Case ID: ohio-st_100/html/0505-01.html
Source: Caselaw Access Project
Author: {"author": "\n      By the Court.", "license": "Public Domain", "url": "https://static.case.law/"}
Date Created: 2024-08-24T03:29:51.129683

The Auglaize Box Board Co. v. Hinton et al.
    
      Corporations — Liability on judgment — Rendered against predecessor — Due process against successor — Effect of appearance and defense — Damages for personal injtiries to employe — Merger of corporations.
    
    (No. 16264
    Decided October 21, 1919.)
    Error to the Court of Appeals of Auglaize county.
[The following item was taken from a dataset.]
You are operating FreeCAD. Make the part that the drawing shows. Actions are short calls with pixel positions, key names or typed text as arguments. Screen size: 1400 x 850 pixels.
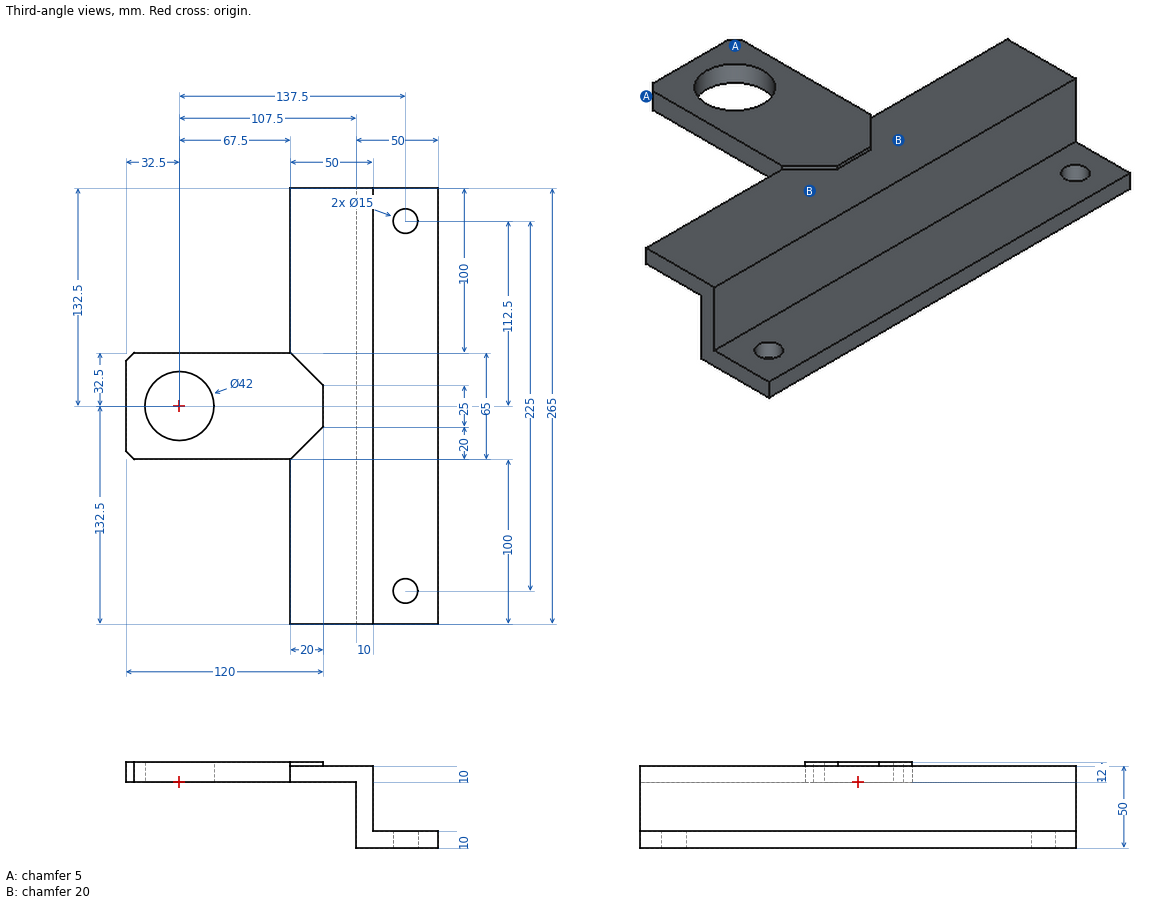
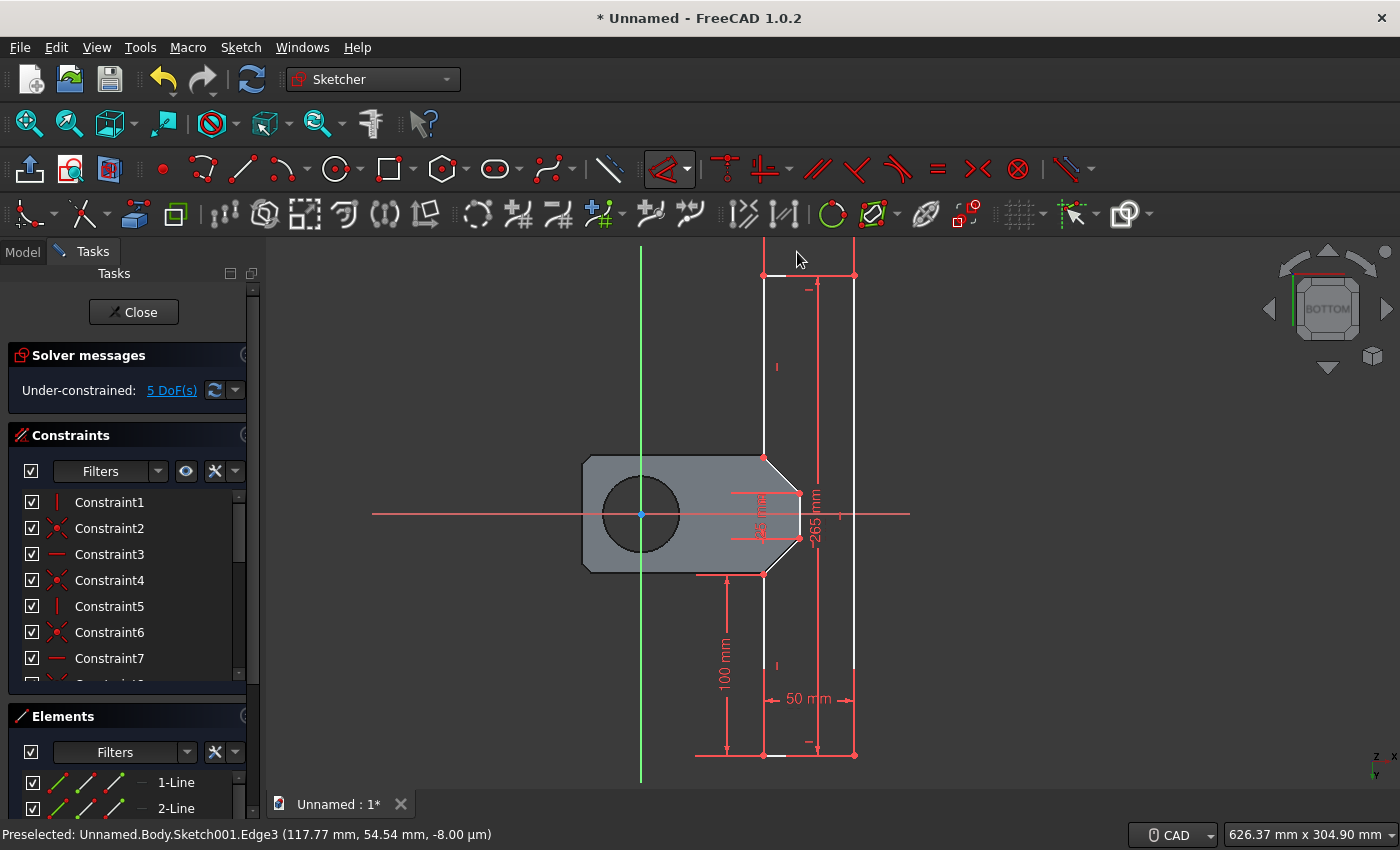
click(764, 330)

    The plaintiff in error brought suit against the defendants in error in the common pleas court of Auglaize county. The petition prayed judgment upon certain notes of The Bloomer Brothers Company to The Westera Strawboard Company, which were endorsed to the plaintiff, and for foreclosure of a mortgage upon the property of The Bloomer Brothers Company. Bessie Hinton was made defendant, it being alleged in the petition that she had a judgment against The Bloomer Brothers Company. She filed an answer and cross-petition. The answer contained six defenses, which attacked the validity of the notes on the grounds that they were without consideration, that they were illegal and void, that they were executed for the purpose of defrauding the creditors and stockholders of the Bloomer Company; that if they were based upon a consideration they were given for a greater amount than was due, and even if they had been valid they had been paid and discharged.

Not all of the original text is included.